> _PROBLEM STATEMENT_
Lines below that include "List" are the answer; copy each one.

****************************************

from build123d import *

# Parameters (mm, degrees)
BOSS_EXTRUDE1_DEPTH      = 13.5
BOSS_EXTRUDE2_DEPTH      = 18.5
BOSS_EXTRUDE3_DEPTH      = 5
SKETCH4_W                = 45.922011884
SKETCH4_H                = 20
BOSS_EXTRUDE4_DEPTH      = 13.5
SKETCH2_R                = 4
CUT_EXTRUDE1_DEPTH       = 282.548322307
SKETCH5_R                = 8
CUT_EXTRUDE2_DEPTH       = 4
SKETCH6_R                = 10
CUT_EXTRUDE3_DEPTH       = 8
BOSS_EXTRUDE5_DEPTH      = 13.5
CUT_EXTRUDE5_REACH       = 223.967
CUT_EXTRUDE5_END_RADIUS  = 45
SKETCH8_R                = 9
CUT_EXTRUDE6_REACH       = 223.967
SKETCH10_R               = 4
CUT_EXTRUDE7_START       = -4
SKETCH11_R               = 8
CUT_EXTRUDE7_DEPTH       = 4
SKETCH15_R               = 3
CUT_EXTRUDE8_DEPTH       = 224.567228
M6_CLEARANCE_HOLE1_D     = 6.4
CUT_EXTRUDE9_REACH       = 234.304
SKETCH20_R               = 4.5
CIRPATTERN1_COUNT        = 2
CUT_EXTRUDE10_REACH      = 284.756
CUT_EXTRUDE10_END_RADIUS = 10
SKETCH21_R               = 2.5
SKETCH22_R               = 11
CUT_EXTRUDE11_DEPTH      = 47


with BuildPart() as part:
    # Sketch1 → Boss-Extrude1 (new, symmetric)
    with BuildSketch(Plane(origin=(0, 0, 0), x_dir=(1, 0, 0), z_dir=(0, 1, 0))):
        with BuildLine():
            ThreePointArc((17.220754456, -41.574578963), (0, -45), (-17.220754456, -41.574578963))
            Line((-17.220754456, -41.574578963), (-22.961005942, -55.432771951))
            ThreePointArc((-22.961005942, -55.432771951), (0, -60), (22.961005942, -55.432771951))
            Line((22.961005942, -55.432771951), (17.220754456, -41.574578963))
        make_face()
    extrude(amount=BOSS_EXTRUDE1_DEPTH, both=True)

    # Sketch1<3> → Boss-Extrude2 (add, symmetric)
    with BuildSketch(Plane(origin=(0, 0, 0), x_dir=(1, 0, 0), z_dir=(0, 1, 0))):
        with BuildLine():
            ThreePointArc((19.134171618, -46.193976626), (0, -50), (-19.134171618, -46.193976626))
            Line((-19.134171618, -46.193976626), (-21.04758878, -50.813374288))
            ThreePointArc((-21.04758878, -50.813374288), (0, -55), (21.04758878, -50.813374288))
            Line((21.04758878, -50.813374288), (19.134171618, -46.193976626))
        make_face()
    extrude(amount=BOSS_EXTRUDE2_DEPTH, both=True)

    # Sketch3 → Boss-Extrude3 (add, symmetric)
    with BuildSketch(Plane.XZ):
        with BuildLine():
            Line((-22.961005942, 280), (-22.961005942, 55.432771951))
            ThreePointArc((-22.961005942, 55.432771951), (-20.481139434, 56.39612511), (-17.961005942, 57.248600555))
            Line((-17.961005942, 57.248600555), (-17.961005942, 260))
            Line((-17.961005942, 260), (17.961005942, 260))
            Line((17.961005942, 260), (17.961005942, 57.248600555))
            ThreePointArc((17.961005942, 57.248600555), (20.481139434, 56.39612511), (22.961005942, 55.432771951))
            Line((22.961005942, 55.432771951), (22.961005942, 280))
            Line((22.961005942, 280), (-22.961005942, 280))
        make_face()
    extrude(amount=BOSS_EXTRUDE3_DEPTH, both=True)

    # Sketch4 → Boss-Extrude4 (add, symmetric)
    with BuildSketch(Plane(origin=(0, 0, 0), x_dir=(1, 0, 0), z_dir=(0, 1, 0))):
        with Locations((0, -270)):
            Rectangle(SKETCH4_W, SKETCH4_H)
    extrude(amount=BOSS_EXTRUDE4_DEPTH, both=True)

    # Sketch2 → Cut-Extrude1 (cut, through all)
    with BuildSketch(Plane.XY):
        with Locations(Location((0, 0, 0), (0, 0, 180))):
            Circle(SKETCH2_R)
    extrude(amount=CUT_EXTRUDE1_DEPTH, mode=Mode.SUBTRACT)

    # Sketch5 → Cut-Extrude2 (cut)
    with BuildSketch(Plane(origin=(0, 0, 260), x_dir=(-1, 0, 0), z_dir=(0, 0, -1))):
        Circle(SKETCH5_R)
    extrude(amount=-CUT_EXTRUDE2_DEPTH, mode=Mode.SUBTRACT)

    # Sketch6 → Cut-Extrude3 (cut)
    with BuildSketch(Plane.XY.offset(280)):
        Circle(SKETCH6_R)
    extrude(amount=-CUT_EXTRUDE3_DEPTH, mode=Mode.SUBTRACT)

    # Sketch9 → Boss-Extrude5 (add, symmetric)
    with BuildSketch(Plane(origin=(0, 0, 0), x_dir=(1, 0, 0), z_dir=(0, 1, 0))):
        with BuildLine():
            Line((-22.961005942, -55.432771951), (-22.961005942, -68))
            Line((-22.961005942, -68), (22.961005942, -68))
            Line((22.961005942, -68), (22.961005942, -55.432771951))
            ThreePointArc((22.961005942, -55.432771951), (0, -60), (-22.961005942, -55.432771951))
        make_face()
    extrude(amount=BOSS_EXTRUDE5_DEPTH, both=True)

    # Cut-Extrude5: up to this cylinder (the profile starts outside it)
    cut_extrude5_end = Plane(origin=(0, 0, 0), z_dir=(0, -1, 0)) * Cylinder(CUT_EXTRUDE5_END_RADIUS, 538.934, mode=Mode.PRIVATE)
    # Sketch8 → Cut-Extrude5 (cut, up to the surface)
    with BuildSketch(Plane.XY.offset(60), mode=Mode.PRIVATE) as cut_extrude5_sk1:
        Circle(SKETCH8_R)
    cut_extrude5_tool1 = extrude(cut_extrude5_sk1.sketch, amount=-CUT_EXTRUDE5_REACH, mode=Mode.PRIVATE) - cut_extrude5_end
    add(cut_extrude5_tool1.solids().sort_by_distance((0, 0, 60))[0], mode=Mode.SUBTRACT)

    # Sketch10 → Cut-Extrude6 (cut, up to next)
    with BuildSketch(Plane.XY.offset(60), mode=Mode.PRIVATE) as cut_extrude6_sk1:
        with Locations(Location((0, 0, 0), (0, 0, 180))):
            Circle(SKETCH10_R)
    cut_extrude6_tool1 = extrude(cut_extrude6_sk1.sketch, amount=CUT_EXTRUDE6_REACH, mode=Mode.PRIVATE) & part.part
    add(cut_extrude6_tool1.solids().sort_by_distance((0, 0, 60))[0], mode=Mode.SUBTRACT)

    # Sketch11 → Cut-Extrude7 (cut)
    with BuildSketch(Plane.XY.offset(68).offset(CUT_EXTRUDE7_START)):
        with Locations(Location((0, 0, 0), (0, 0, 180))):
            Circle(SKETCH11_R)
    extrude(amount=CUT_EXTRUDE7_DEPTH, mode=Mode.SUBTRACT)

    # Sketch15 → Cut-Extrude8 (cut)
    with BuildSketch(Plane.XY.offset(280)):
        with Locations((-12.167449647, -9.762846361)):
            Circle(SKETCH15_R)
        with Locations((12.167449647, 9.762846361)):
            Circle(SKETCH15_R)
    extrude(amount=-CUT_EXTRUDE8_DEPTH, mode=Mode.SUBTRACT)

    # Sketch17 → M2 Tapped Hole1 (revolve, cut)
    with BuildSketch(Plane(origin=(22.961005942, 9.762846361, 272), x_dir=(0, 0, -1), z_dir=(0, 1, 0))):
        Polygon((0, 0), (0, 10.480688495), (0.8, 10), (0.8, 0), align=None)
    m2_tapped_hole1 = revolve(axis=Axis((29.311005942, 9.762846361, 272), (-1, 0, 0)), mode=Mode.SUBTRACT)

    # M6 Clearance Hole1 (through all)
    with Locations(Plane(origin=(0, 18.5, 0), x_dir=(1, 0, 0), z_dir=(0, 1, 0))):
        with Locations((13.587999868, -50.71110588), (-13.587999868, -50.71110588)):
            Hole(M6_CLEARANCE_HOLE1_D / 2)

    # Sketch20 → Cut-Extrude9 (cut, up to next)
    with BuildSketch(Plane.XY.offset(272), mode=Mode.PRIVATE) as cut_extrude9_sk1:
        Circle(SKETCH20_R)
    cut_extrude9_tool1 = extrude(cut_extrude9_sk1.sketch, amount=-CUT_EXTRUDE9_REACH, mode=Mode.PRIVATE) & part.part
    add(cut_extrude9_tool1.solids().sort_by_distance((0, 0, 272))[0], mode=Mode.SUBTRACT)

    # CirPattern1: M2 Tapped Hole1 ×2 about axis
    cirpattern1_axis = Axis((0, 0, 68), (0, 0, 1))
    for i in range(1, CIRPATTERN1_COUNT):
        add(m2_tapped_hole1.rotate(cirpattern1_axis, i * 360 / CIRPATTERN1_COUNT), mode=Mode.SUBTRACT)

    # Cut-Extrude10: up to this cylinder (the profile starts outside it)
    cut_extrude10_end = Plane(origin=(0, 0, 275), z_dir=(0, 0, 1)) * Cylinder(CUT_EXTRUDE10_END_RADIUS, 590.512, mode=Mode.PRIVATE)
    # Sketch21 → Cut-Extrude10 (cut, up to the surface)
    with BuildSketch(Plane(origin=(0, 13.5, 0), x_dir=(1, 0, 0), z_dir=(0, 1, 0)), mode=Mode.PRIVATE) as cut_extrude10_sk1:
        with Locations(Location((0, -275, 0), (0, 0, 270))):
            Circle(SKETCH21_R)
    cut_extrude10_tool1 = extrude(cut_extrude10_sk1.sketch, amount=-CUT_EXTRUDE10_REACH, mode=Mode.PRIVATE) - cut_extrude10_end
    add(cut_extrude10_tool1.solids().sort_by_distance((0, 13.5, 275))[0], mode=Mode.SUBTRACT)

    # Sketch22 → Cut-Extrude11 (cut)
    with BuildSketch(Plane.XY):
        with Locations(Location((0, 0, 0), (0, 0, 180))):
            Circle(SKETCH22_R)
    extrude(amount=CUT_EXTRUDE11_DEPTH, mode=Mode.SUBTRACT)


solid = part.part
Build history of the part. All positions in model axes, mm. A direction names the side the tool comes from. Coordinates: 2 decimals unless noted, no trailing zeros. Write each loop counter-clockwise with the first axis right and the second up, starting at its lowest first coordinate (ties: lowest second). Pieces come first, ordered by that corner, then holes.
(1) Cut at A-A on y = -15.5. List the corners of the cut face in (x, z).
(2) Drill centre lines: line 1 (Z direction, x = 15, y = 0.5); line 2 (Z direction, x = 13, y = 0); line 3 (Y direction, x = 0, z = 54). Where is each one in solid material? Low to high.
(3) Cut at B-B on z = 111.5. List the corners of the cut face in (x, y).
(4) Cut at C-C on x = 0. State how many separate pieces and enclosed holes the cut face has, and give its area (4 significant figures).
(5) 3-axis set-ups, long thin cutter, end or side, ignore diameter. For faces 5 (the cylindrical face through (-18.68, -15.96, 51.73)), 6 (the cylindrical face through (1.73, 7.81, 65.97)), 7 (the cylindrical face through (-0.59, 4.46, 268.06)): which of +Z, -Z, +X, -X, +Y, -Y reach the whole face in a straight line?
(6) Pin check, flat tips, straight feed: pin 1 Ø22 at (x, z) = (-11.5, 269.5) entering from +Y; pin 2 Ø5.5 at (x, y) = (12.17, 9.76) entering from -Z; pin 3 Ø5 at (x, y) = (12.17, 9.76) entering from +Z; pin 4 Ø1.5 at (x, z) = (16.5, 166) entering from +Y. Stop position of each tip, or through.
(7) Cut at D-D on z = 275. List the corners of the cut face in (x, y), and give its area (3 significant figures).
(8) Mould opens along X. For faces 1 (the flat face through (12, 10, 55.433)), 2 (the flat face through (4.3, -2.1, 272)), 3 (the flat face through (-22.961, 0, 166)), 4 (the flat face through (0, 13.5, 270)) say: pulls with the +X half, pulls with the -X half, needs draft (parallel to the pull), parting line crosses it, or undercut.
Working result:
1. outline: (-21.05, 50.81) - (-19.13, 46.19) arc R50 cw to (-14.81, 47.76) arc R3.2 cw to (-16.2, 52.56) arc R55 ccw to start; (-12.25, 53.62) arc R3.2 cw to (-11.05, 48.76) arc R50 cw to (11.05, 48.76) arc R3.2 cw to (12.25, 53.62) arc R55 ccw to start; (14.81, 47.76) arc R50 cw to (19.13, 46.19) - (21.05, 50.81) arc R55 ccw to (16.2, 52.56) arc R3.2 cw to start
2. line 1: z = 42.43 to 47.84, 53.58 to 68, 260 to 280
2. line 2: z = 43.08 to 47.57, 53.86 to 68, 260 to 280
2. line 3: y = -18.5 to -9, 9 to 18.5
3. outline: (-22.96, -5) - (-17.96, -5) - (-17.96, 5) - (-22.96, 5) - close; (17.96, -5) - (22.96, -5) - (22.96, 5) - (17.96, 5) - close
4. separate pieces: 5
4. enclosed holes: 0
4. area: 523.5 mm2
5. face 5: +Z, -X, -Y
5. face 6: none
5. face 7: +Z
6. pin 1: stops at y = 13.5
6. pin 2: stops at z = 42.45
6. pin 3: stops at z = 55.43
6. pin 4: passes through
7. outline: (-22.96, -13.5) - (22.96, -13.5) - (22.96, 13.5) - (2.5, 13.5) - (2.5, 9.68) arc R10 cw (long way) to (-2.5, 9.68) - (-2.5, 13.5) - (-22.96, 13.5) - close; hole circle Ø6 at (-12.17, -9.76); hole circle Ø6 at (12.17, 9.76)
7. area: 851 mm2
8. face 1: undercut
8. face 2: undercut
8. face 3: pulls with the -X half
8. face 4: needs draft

****************************************

> _FINISHED EXERCISE_
(1) Cut at A-A on y = -15.5. List the corners of the cut face in (x, z).
(3) Cut at B-B on z = 111.5. List the corners of the cut face in (x, y).
(7) Cut at D-D on z = 275. List the corners of the cut face in (x, y), and give its area (3 significant figures).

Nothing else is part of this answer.